* _Data records_
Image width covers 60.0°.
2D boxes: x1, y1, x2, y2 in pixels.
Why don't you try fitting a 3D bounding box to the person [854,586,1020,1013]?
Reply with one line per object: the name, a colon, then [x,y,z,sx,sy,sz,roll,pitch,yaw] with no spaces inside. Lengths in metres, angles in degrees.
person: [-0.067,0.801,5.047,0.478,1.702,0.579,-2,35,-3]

* _What to work on_
What is needed here is an exact copy of all the entries.

* _Written answer_
Image width covers 60.0°.
2D boxes: x1, y1, x2, y2 in pixels.
Why don't you try fitting a 3D bounding box to the person [854,586,1020,1013]?
Reply with one line per object: the name, a colon, then [x,y,z,sx,sy,sz,roll,pitch,yaw] with no spaces inside. Lengths in metres, angles in degrees.
person: [-0.067,0.801,5.047,0.478,1.702,0.579,-2,35,-3]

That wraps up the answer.